Data from TIAA’s proprietary retirement plan business shows 4.89% (7,795) of the 159,522 participants sought advice about asset allocation at least once in 2014; 5.01% (7,994) sought advice about retirement income streams at least once in 2014.
According to the TIAA Institute’s report, “New Evidence on the Demand for Advice within Retirement Plans,” demand for advice (outside of wealth management) was much higher between 2012 and 2014 than it was between 2009 and 2011. TIAA says this structural break partly reflects the introduction of online tools, which are less costly for participants to access (and less costly for TIAA to provide) than in-person advice.

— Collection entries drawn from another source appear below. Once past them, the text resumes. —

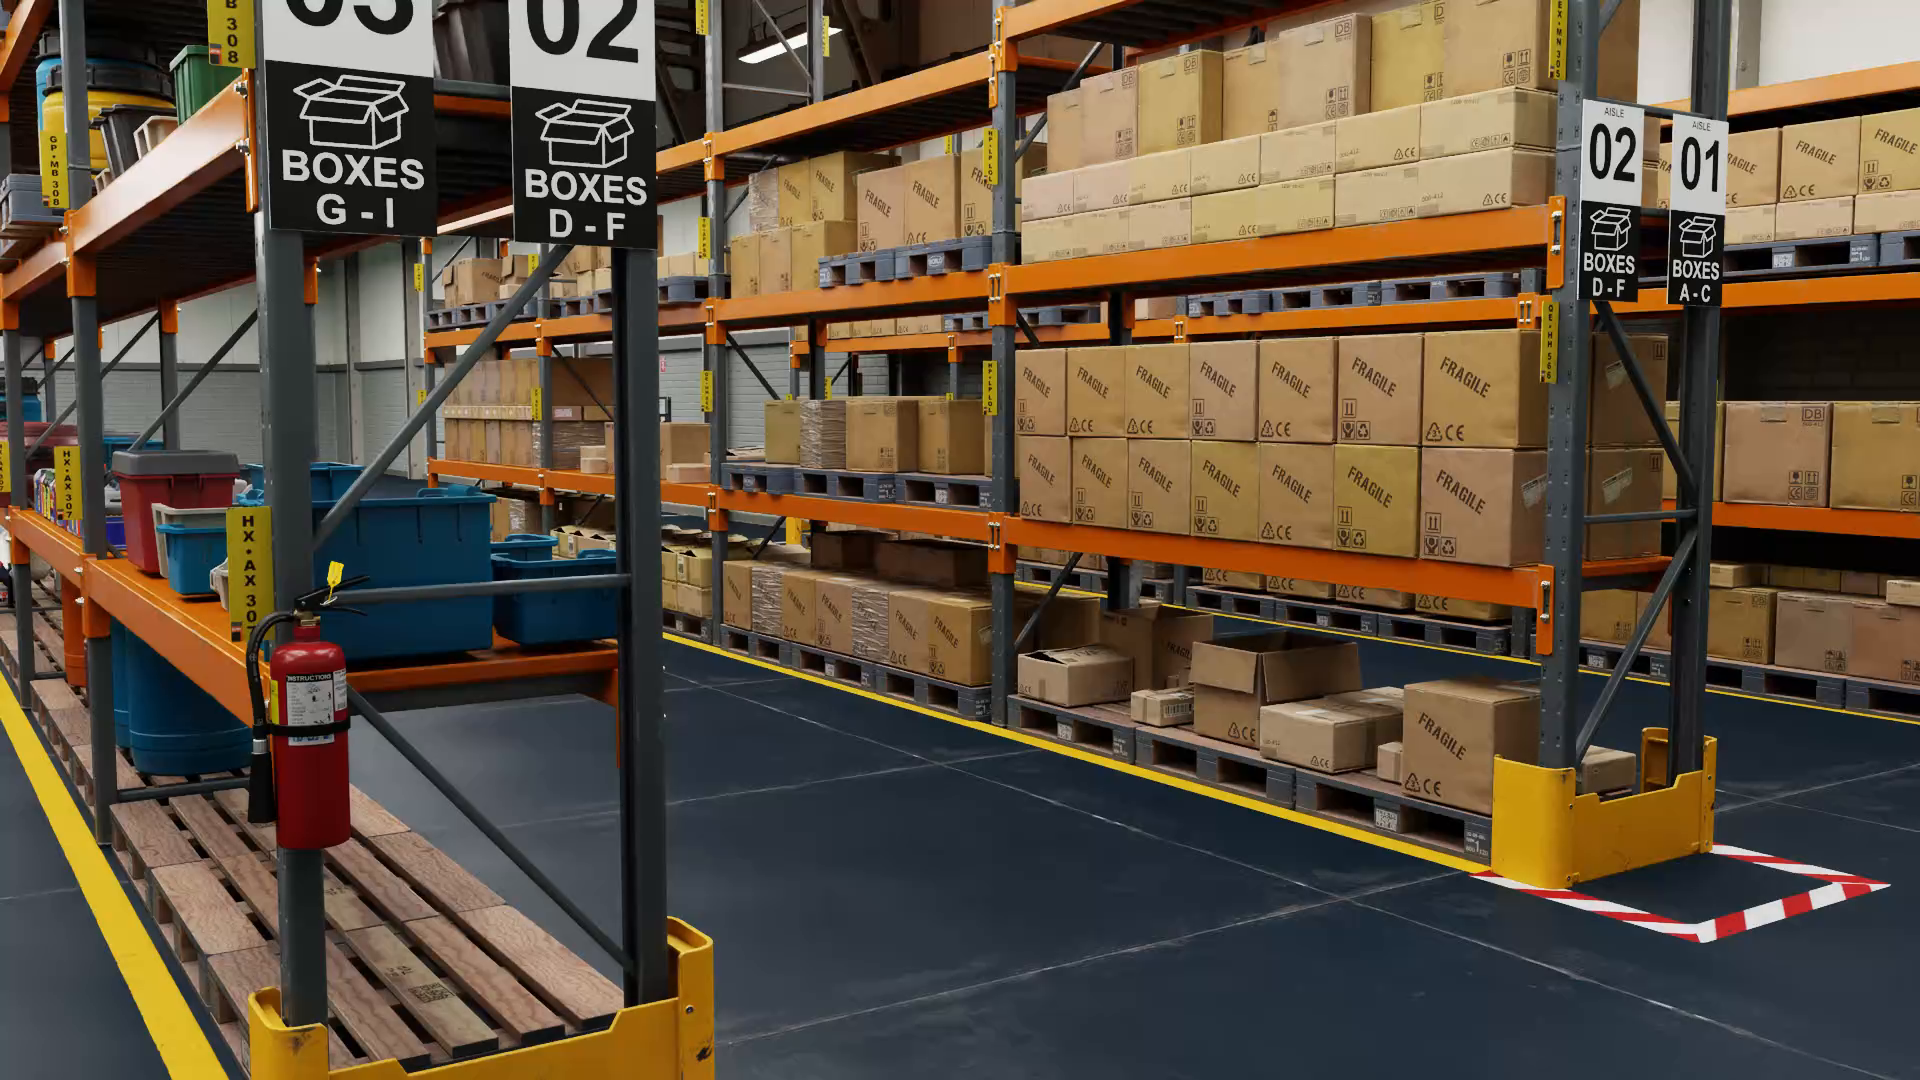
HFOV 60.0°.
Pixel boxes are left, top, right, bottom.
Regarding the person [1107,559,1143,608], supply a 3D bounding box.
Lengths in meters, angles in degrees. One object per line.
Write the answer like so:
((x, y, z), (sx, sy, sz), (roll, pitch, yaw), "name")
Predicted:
((1.427, -0.028, 14.434), (0.416, 1.657, 0.513), (-3, 6, -34), "person")
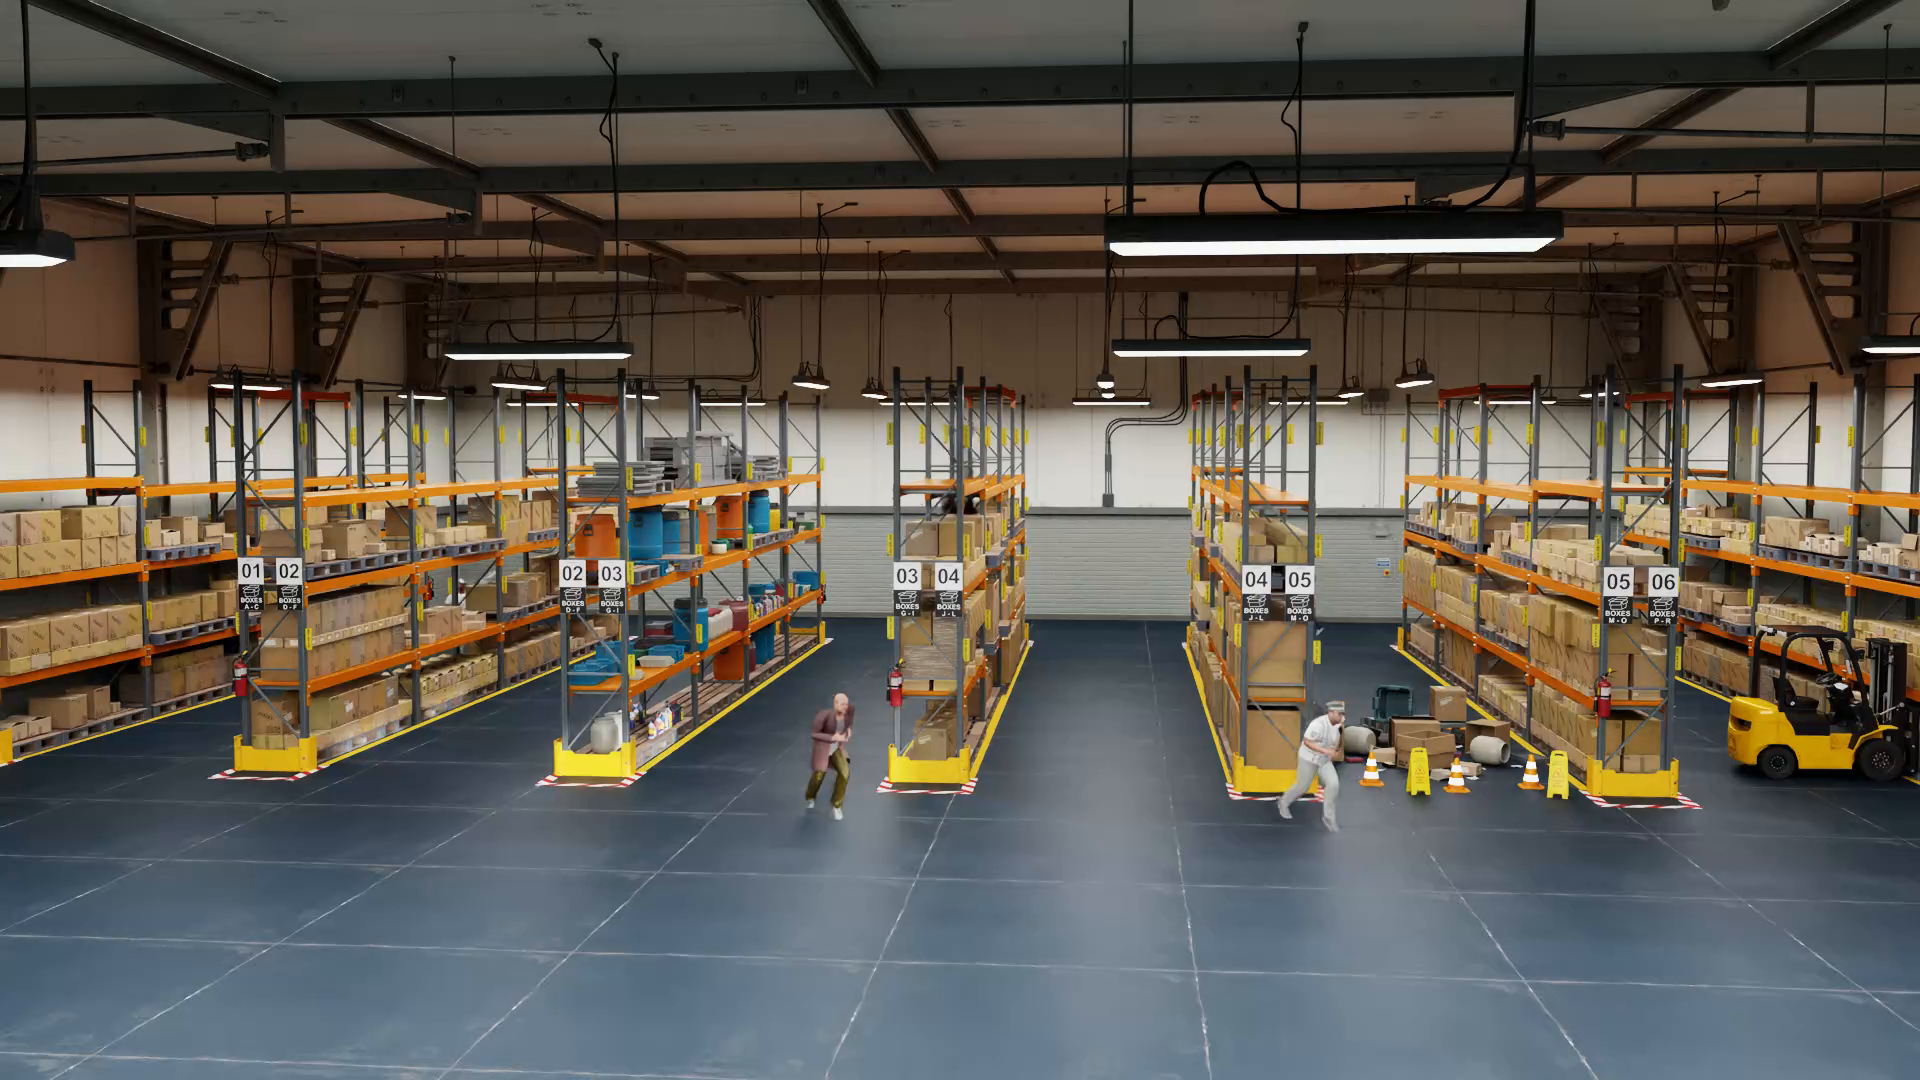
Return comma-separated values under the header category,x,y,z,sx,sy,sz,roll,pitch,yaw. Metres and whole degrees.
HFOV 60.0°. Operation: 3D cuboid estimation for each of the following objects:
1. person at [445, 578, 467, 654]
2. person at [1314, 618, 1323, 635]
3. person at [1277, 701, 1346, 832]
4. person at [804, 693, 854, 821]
category,x,y,z,sx,sy,sz,roll,pitch,yaw
person,-11.341,1.744,37.739,0.701,1.754,0.963,0,4,-3
person,8.581,1.621,41.246,0.891,1.588,0.535,-1,4,-14
person,4.520,2.875,21.378,0.707,1.721,1.023,-3,5,-41
person,-1.730,2.835,21.922,0.751,1.727,1.071,-3,4,-36
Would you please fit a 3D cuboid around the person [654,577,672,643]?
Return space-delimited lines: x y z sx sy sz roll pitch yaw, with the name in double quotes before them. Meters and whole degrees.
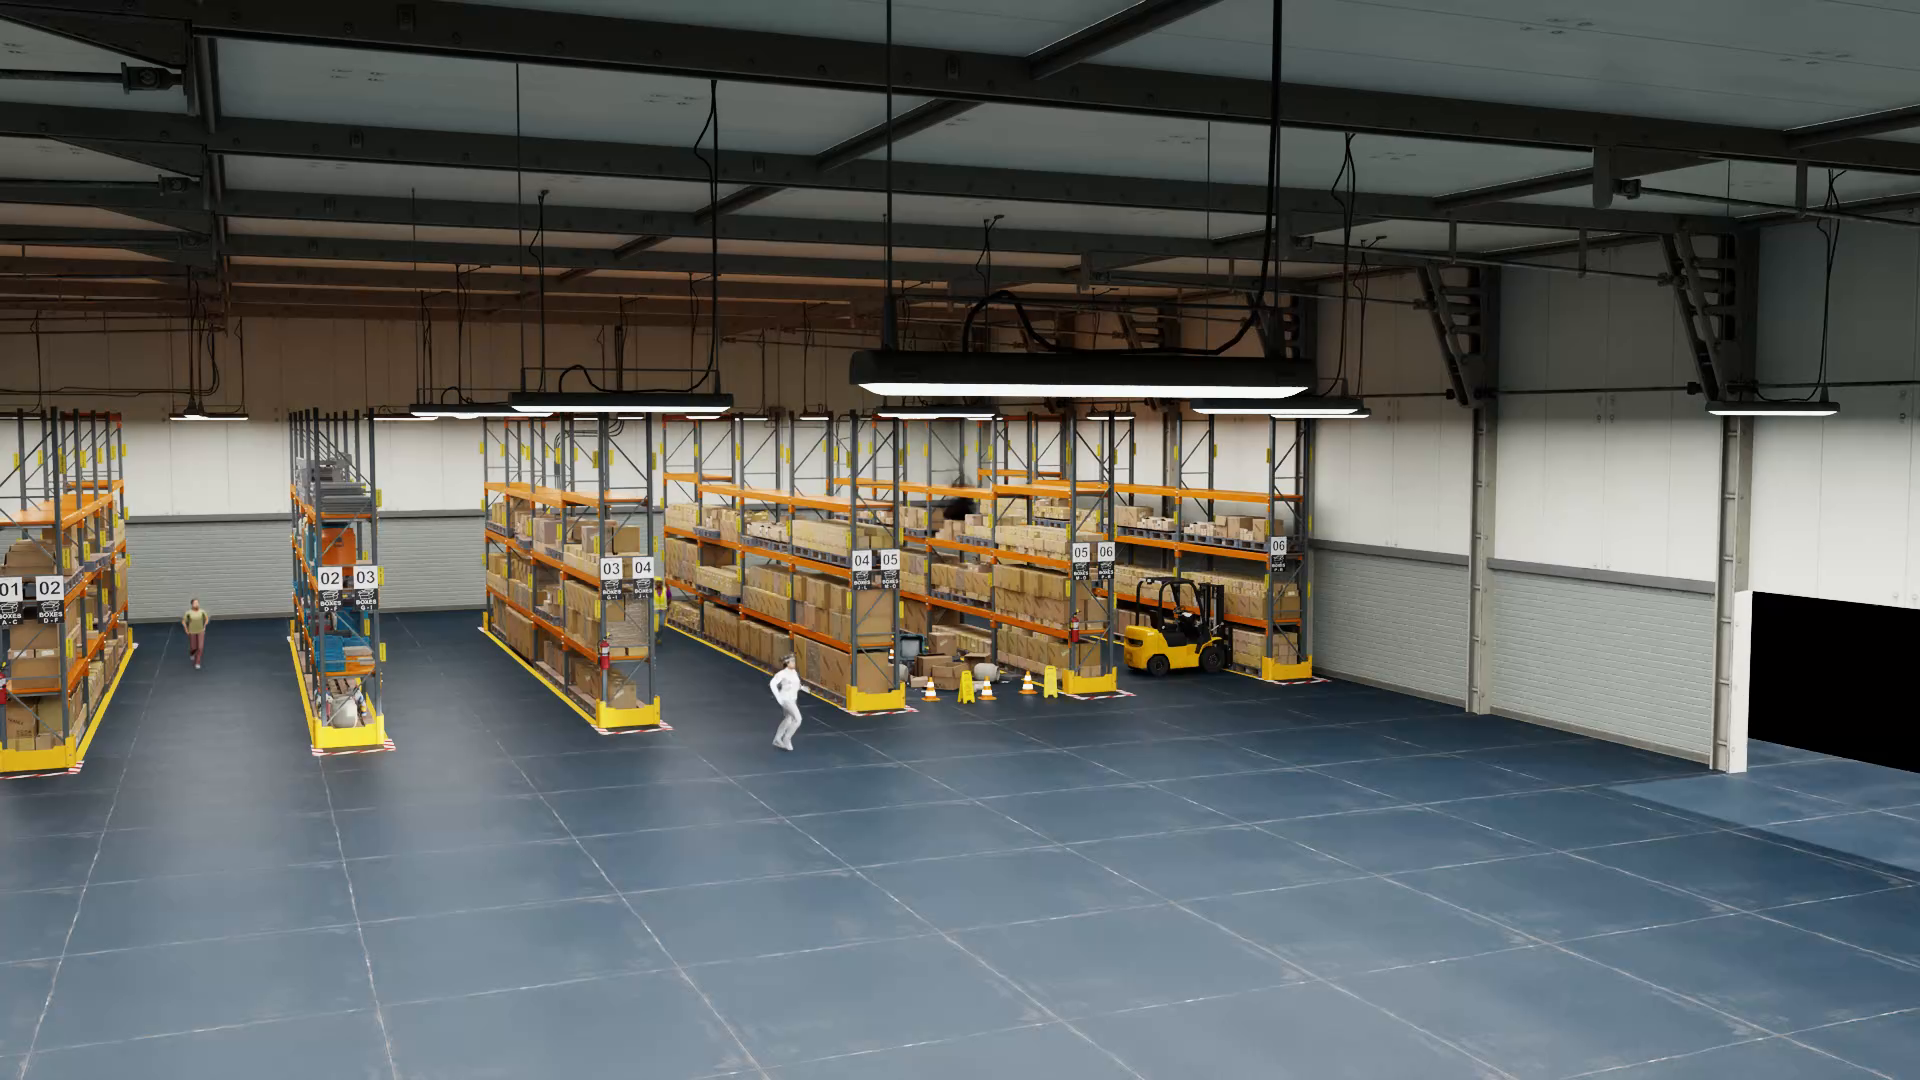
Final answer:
"person" -7.794 1.825 43.219 0.677 1.729 0.600 -2 4 -22

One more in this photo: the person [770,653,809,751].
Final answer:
"person" -2.986 2.843 29.241 0.672 1.711 0.608 1 4 15

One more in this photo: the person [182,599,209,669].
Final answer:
"person" -17.940 2.184 39.063 0.581 1.631 0.605 -3 5 -33

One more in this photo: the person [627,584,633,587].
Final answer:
"person" -9.661 1.571 47.245 0.828 1.687 0.638 -1 4 -11

Now that the online tools are available, approximately 10% of plan participants are receiving some form of advice from TIAA each year. While this may or may not be the optimal level of advice, it is a four-fold increase relative to the earlier period. In addition, the fact that 9.71% (15,484) of the 159,522 participants sought at least one type of advice in 2014 implies there is relatively low overlap between those seeking advice about asset allocation (7,795) and those seeking advice about retirement income streams (7,994).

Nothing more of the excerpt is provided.